Involuntary movements of the head and extremities, often described as tonic-clonic, are frequent with ketamine use; these movements are unrelated to painful stimuli and are not indicative of the need for additional anesthetic. Movements are usually not intense enough to interfere with the performance of the procedure. Brief and sometimes intense myoclonia and twitching may be confused with seizure activity; however, these movements are benign and not associated with EEG changes. Skeletal muscle hypertonia and rigidity may also occur with ketamine use. Severe hypertonia is more frequent at high doses. A report describes generalized extensor spasm with opisthotonus in 2 infants receiving high doses of ketamine (total dose: 14 to 19 mg/kg within approximately 1 hour); in both cases, muscular hyperactivity ceased approximately 5 minutes after the administration of a small dose of pentobarbital.
Anaphylaxis/anaphylactoid reactions, transient erythema, maculopapular rash, and an injection site reaction including localized pain and rash have been reported with ketamine use.
There have been case reports of genitourinary pain in patients with a history of chronic ketamine use for off-label indications. Lower urinary tract and bladder symptoms including dysuria, increased urinary frequency, urinary urgency, urinary incontinence, and hematuria have been reported in individuals with a history of chronic ketamine use or abuse. Cystitis (including noninfective, interstitial, ulcerative, erosive, and hemorrhagic cystitis), hydronephrosis, and reduced bladder capacity have been reported upon diagnostic assessment. Consider ketamine cessation if genitourinary pain continues in the setting of other genitourinary symptoms.

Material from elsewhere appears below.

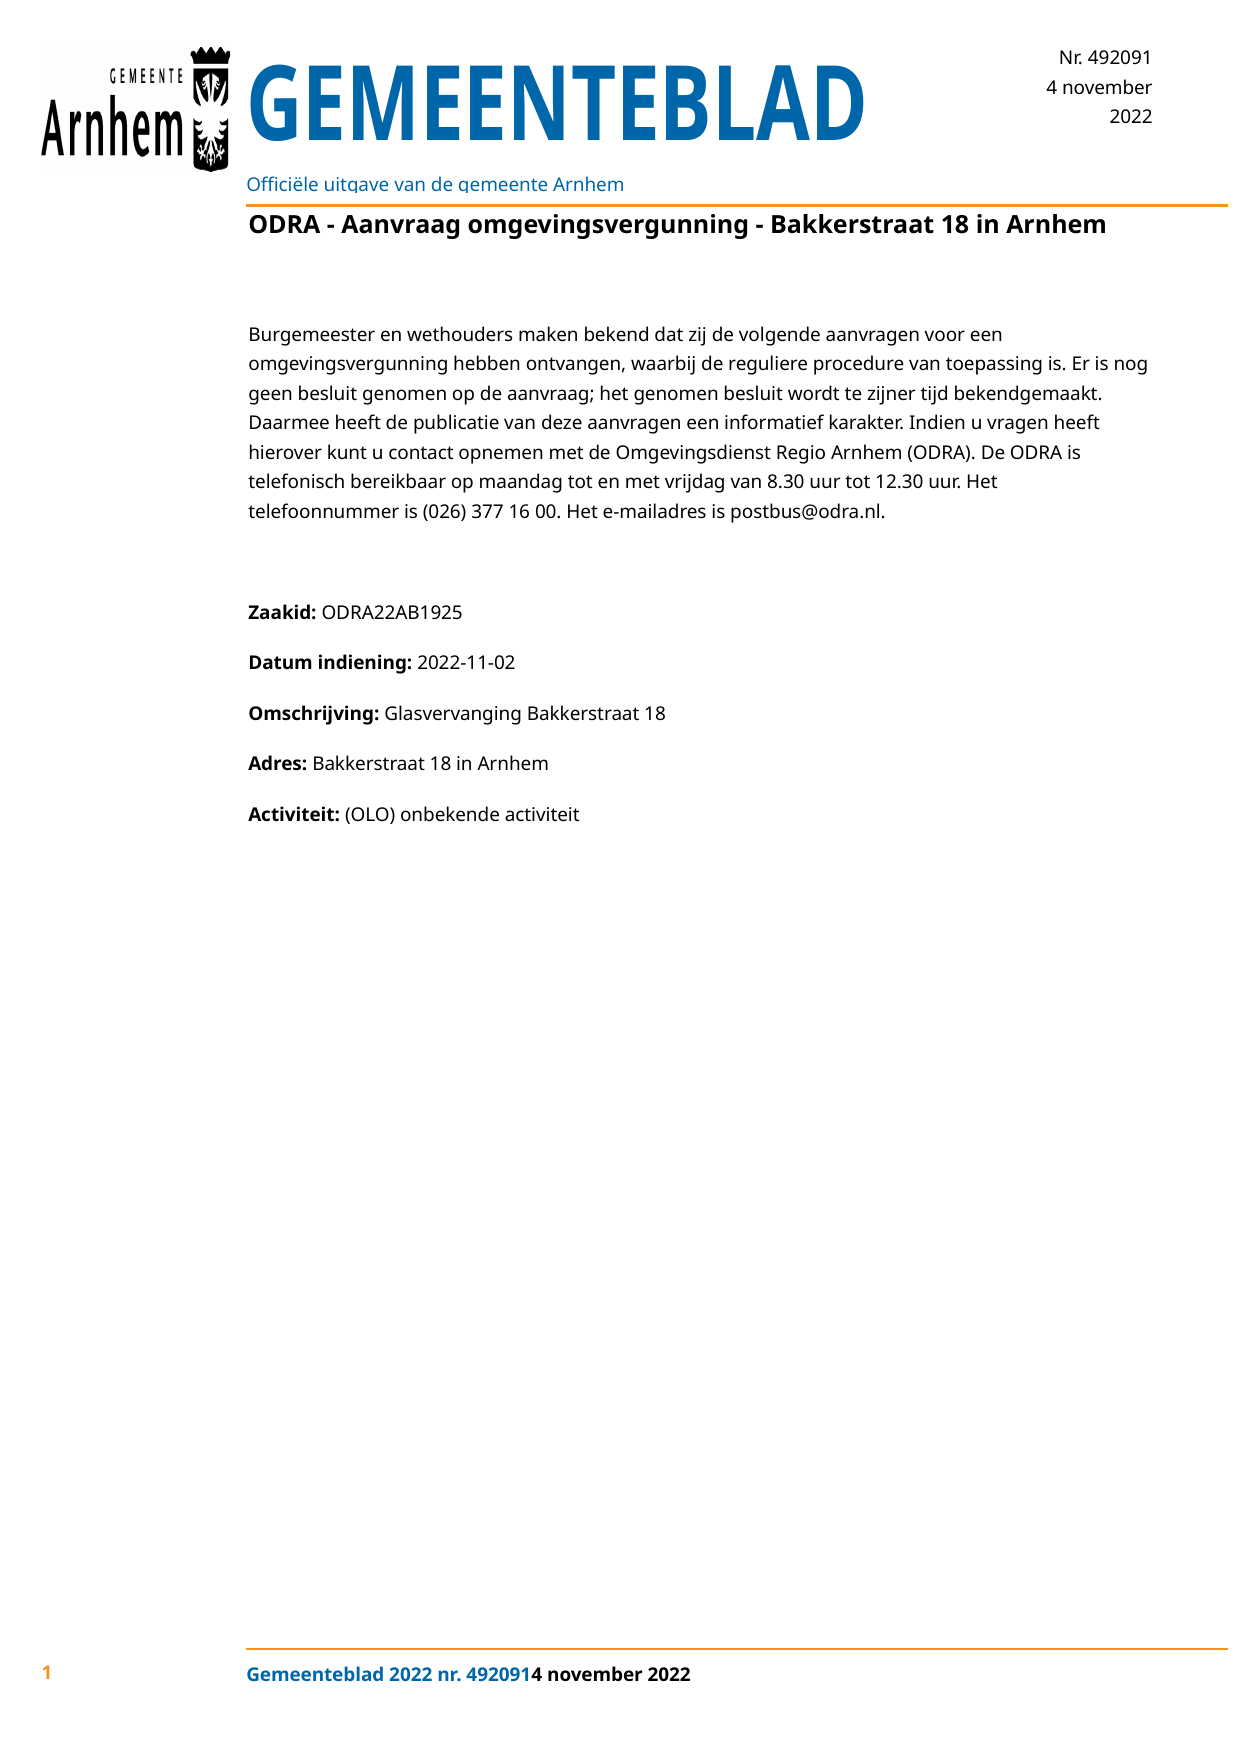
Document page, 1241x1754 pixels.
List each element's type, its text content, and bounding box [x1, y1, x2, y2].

Transient central diabetes insipidus (DI) has been associated with continuously infused ketamine in 2 case reports. A 2-year-old female with long-chain 3-hydroxyacyl-CoA dehydrogenase deficiency (LCHAD) and stable hypertrophic cardiomyopathy was admitted to the hospital for pneumonia. She subsequently developed respiratory failure requiring mechanical ventilation. At 10 hours after initiation of a continuous ketamine infusion, the patient developed polyuria (urine output 8 mL/kg/hour), hypernatremia, elevated serum osmolality, and decreased urine osmolality. A vasopressin infusion was started, and the patient responded appropriately. Medications administered before ketamine infusion included continuous infusions of lorazepam, fentanyl, and dexmedetomidine, as well as vancomycin and cefotaxime for the pneumonia; only the antibiotics were continued after ketamine initiation. The Naranjo adverse drug reaction probability scale indicated a probable relationship (score 7) between the development of DI and ketamine. The other case describes transient DI in a 28-year-old male who received ketamine for pain management after spinal cord injury. Similar to the pediatric case, the patient experienced DI within hours after receiving ketamine, and responded well to desmopressin. The exact mechanism of ketamine-induced DI is unclear; it may involve ketamine’s N-methyl-D-aspartate receptor antagonism and inhibition of glutamate-stimulated arginine vasopressin release from the neurohypophysis.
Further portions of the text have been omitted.